Member of the Riksdag
- In office 2 October 2006 – 26 September 2022
- Constituency: Kalmar County

Personal details
- Born: Jan Richard Andersson 5 December 1970 (age 55) Nederluleå parish, Norrbotten County, Sweden
- Party: Moderate Party
- Occupation: Political secretary

= Jan R. Andersson =

Swedish politician

Jan Richard Andersson (born 5 December 1970) is a Swedish politician of the Moderate Party. He was a member of the Riksdag from 2006 to 2022, representing the Kalmar County constituency.

==Early life and education==

Andersson attended the four-year technical programme at Midskogsskolan in Luleå, graduating in 1991. He subsequently completed military service and reserve officer training at the Göta Engineer Regiment and the Swedish Army Field Works Centre in Eksjö, finishing in 1993. He later studied at the University College of Luleå and Umeå University between 1994 and 1997.

==Political career==

Before entering the Riksdag, Andersson worked as a political secretary for the Västerbotten County Council from 1996 to 1998 and for Kalmar Municipality from 1999 to 2006.

He served as a member of the Luleå municipal council from 1992 to 1994 and was elected to the Kalmar municipal council in 2002. He was also vice-chair of Kalmar Municipality's Children and Youth Committee from 2002 to 2006 and served on the board of the Regional Federation of Kalmar County.

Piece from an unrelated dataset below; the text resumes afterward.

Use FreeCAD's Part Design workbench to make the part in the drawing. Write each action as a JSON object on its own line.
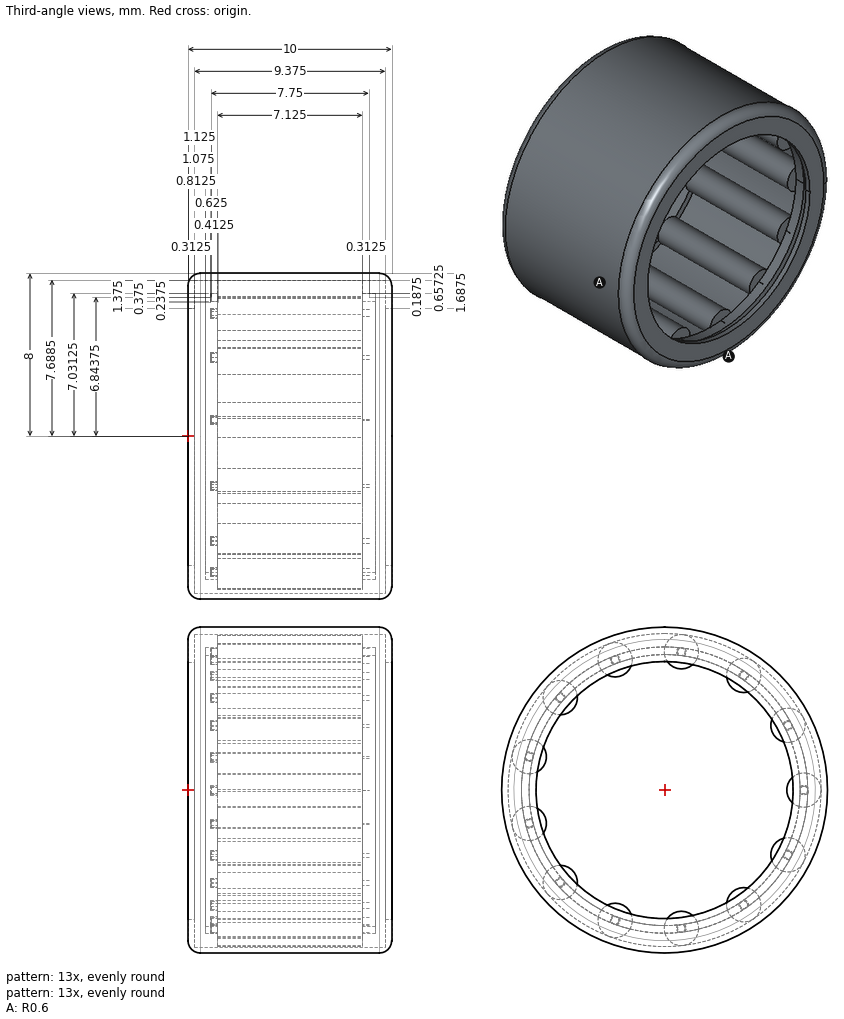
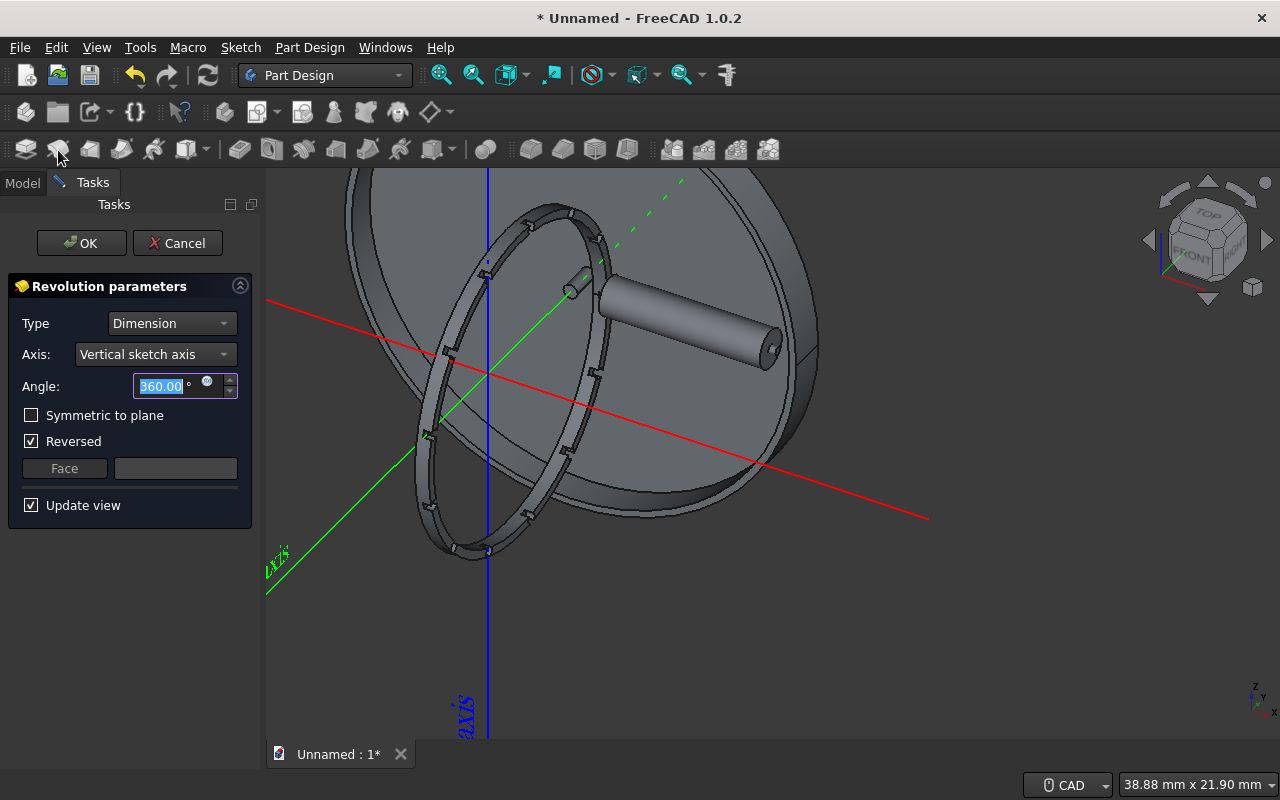
{"action": "left_click", "coordinate": [156, 354]}

Andersson became a member of the Riksdag following the 2006 Swedish general election. He served as an ordinary member from 2 October 2006 until 8 March 2020, was on leave between 9 March and 21 June 2020, and returned as an ordinary member from 22 June 2020 until 26 September 2022.

He was a member of the Committee on Health and Welfare from 2006 to 2011, the Committee on Justice from 2011 to 2014 and the Committee on Defence from 2014 to 2022.

Andersson also served as a deputy member of the Committee on Civil Affairs from 2006 to 2010, the Committee on European Union Affairs during parts of the periods 2007–2010 and 2018–2022, and the Swedish delegation to the Parliamentary Assembly of the Organization for Security and Co-operation in Europe from 2014 to 2018.

In 2011, while serving on the Committee on Health and Welfare, Andersson criticised needle and syringe exchange programmes. During a radio discussion, he argued that encouraging people who injected heroin to smoke the drug instead could reduce the transmission of blood-borne infections.

==Honours==

- Sweden: Medal of the Riksdag, 12th size, 22 June 2022.